WHAT YOU NEED TO DO:
The lines to copy from the data below are those that hold the string "roll".

——

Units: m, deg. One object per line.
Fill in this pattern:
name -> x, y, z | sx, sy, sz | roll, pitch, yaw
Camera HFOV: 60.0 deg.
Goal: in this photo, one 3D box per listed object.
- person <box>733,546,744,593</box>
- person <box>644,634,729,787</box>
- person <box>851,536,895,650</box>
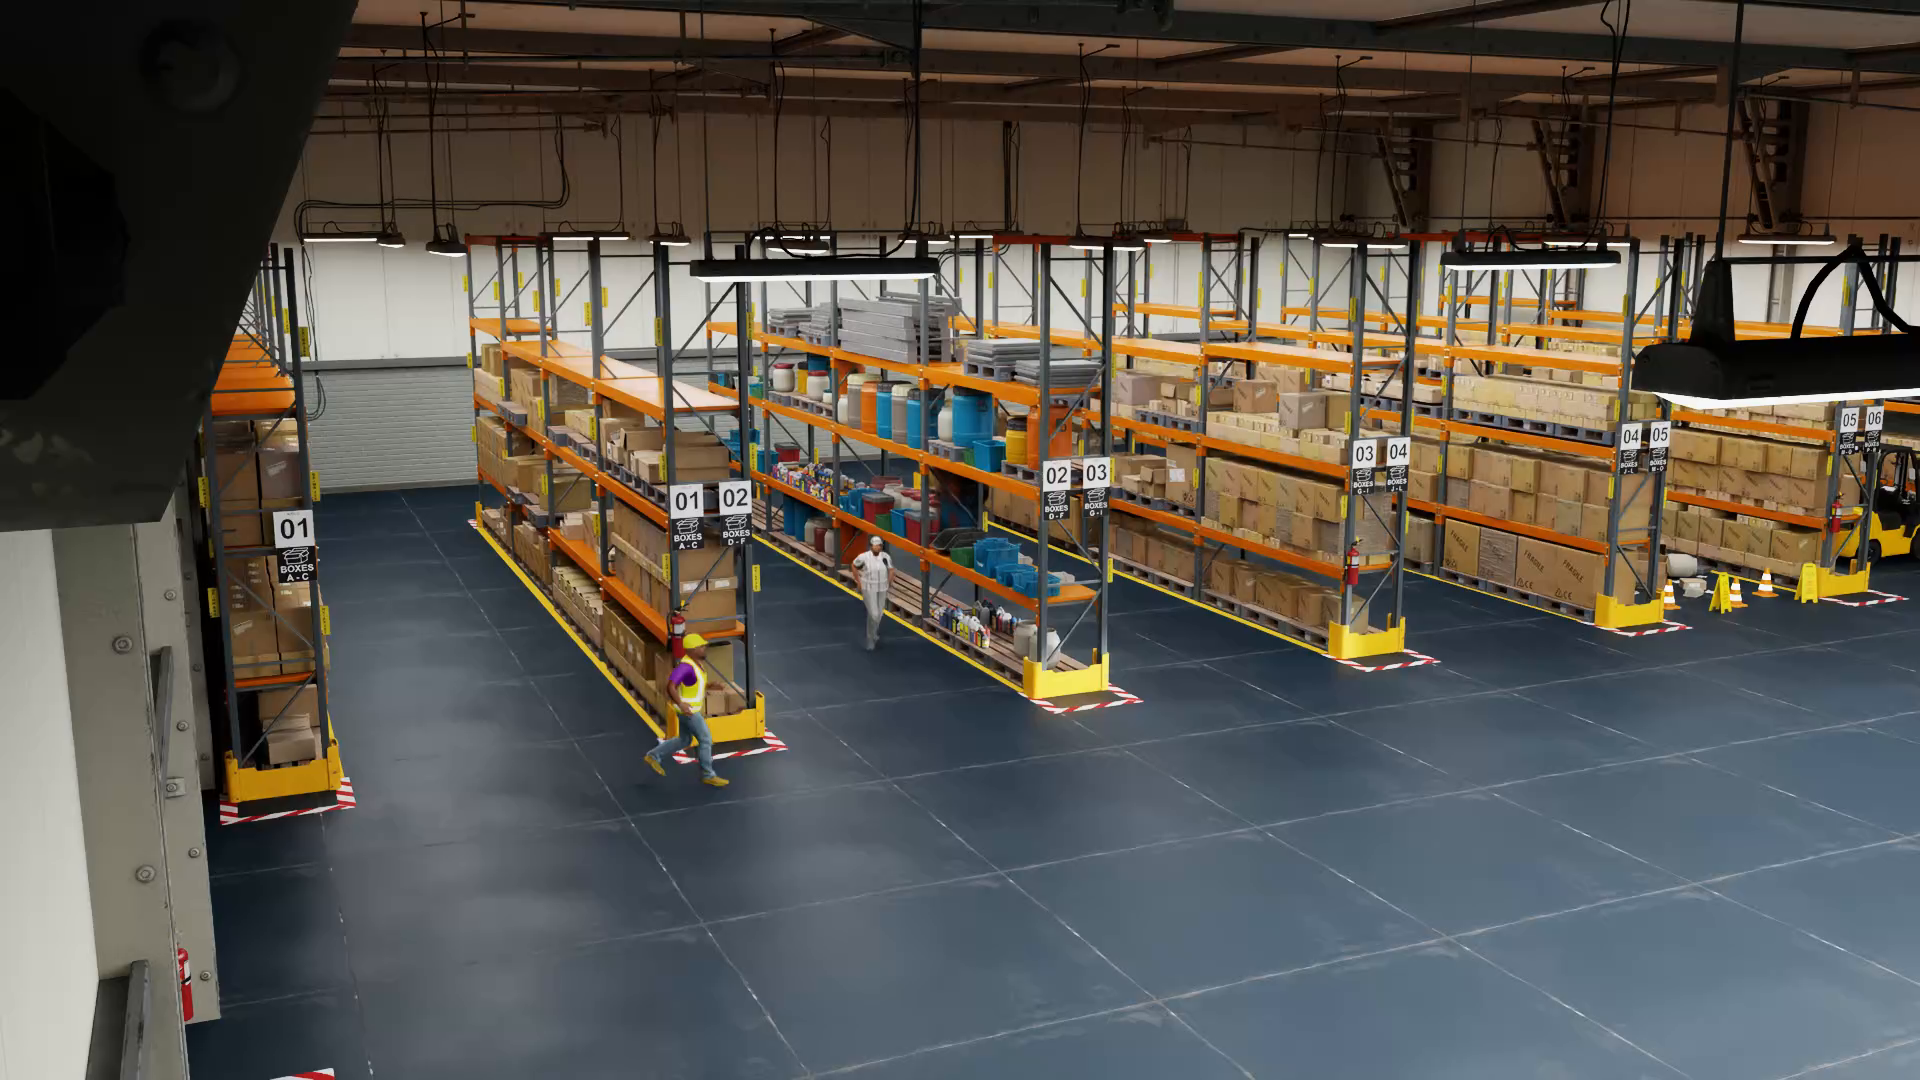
person -> -3.755, 0.126, 28.088 | 0.538, 1.706, 0.863 | -5, 12, -25
person -> -3.098, 1.914, 18.680 | 0.963, 1.760, 0.678 | -1, 11, -4
person -> -1.265, 0.784, 24.837 | 0.606, 1.715, 0.725 | -5, 12, -24
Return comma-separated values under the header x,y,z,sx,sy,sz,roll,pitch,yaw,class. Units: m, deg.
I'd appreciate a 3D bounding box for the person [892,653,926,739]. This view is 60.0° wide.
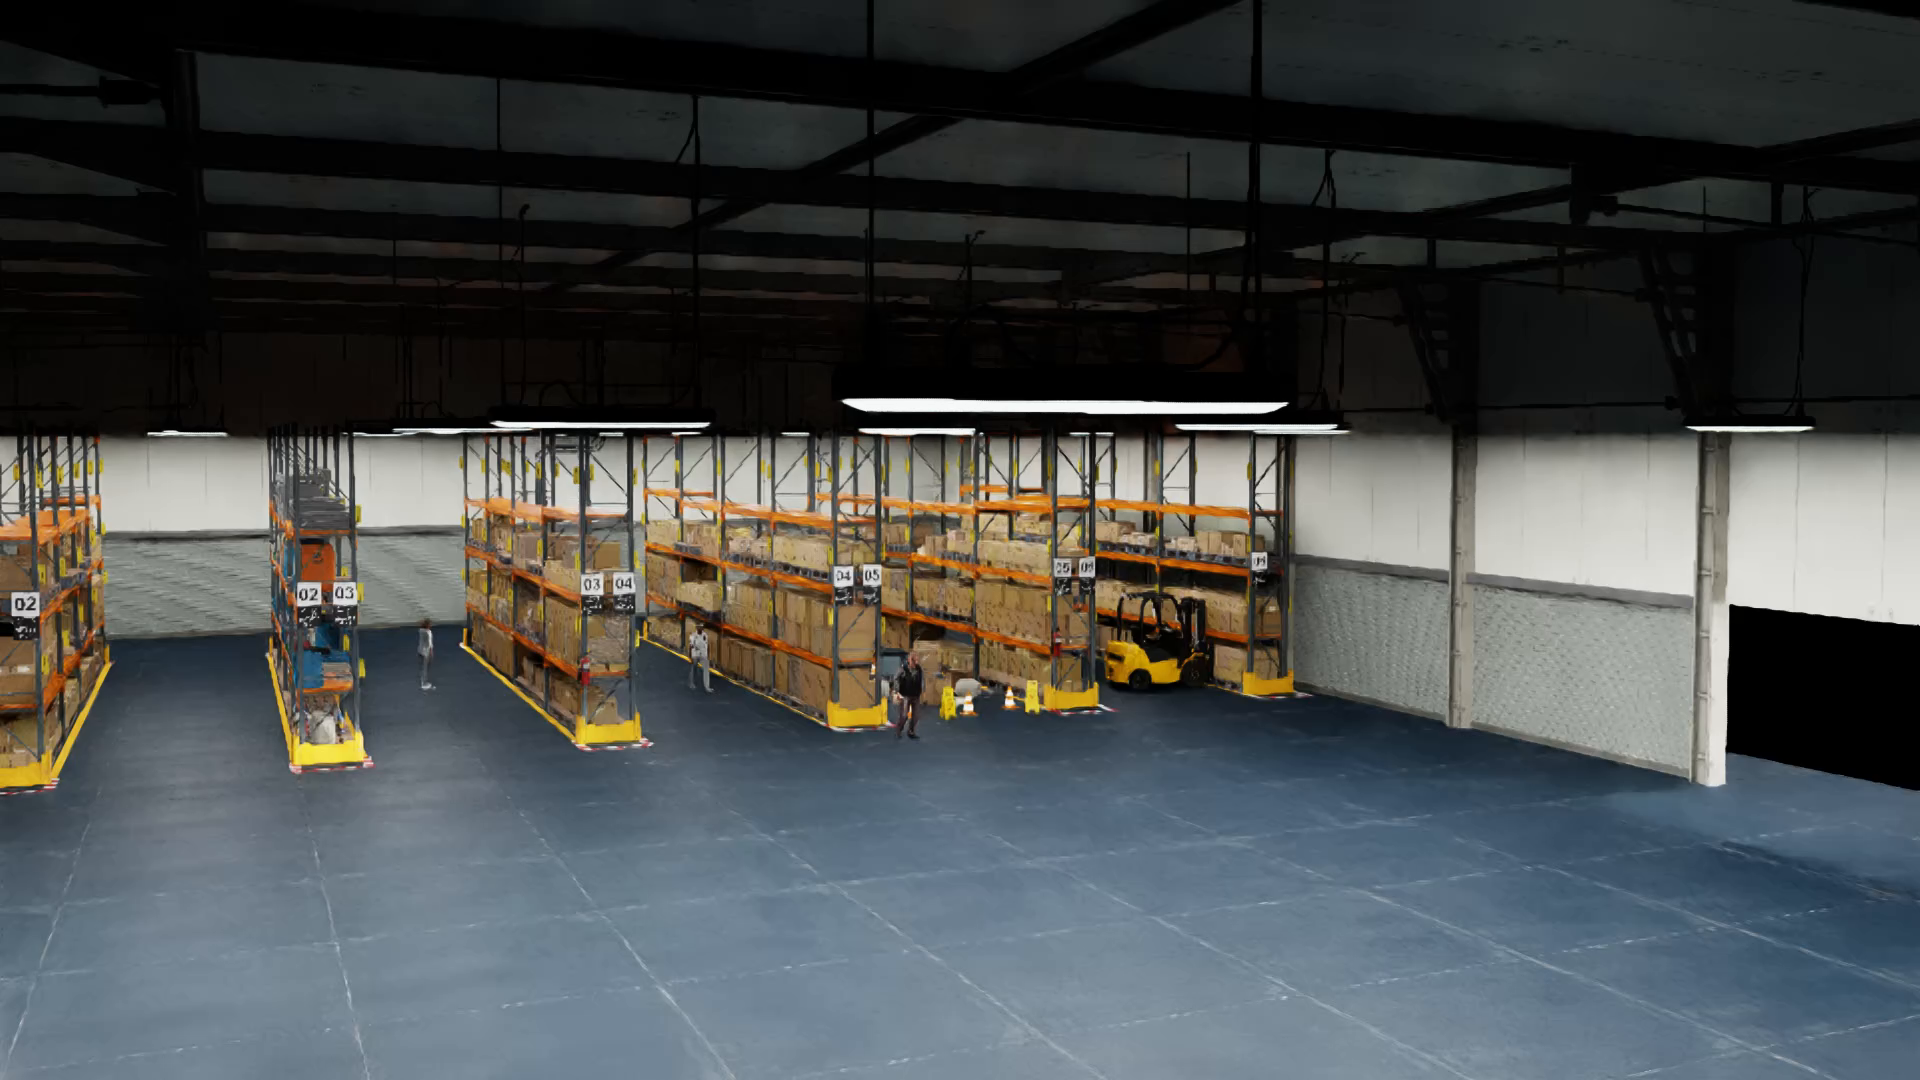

——

EXERCISE RESPONSE:
name -> x, y, z | sx, sy, sz | roll, pitch, yaw
Return comma-separated values under the header x,y,z,sx,sy,sz,roll,pitch,yaw,class. Units: m, deg.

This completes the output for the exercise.